- DATA SUPPLIED:

══════════════════════════════

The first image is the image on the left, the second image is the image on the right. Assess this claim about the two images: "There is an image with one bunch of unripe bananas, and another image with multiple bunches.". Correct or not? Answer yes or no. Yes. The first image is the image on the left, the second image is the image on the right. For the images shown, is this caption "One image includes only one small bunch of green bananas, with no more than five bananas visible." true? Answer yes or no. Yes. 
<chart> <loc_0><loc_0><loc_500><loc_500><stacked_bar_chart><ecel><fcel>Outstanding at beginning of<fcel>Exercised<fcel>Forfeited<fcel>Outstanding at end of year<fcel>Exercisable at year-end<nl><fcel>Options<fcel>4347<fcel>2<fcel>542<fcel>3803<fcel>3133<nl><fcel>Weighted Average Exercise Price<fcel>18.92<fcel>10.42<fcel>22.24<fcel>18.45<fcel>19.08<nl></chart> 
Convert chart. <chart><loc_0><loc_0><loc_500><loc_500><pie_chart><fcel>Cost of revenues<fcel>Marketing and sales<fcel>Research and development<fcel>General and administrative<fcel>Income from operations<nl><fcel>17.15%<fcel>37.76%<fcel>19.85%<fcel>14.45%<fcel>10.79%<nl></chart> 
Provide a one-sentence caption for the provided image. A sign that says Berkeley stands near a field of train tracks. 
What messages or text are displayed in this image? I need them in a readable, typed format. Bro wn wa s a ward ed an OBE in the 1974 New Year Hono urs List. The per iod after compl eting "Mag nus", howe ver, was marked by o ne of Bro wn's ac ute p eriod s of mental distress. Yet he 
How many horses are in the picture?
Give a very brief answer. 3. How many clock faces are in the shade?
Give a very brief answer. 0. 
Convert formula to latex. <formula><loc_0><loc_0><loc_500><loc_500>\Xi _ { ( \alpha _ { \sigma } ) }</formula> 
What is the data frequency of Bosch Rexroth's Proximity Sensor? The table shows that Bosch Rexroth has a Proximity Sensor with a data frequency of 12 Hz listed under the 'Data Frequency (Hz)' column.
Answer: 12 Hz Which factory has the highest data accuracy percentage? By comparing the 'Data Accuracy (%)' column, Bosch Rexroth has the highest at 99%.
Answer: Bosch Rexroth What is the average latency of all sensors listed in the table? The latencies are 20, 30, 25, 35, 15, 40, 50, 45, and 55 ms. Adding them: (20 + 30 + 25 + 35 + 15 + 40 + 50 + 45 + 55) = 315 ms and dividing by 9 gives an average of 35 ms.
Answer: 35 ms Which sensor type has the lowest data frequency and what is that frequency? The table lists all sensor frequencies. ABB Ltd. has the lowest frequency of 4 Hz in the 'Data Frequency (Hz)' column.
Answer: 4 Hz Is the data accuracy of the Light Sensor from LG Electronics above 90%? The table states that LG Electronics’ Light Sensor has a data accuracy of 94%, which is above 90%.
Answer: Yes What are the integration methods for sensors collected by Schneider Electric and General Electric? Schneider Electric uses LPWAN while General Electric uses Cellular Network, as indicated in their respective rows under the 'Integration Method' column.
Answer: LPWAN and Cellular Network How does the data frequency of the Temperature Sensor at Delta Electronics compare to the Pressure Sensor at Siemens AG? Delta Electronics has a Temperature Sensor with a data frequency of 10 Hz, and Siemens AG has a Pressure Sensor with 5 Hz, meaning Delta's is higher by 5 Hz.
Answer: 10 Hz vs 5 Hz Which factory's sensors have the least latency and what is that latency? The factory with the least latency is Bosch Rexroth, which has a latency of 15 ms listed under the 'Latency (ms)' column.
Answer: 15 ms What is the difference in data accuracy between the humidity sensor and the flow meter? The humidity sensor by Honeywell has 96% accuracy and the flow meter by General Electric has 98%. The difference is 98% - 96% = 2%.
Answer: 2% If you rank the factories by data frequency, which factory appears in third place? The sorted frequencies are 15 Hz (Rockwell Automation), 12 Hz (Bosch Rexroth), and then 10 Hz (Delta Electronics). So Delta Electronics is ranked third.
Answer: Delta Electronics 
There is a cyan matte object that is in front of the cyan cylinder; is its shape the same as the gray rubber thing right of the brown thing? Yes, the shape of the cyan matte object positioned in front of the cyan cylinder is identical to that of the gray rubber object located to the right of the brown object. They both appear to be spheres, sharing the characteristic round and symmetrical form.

══════════════════════════════

- GOAL OF THE EXERCISE: Filter the records down to the lines that contain the string "this", and copy those lines.

- ANSWER SECTION:
The first image is the image on the left, the second image is the image on the right. Assess this claim about the two images: "There is an image with one bunch of unripe bananas, and another image with multiple bunches.". Correct or not? Answer yes or no. Yes. The first image is the image on the left, the second image is the image on the right. For the images shown, is this caption "One image includes only one small bunch of green bananas, with no more than five bananas visible." true? Answer yes or no. Yes. 
What messages or text are displayed in this image? I need them in a readable, typed format. Bro wn wa s a ward ed an OBE in the 1974 New Year Hono urs List. The per iod after compl eting "Mag nus", howe ver, was marked by o ne of Bro wn's ac ute p eriod s of mental distress. Yet he 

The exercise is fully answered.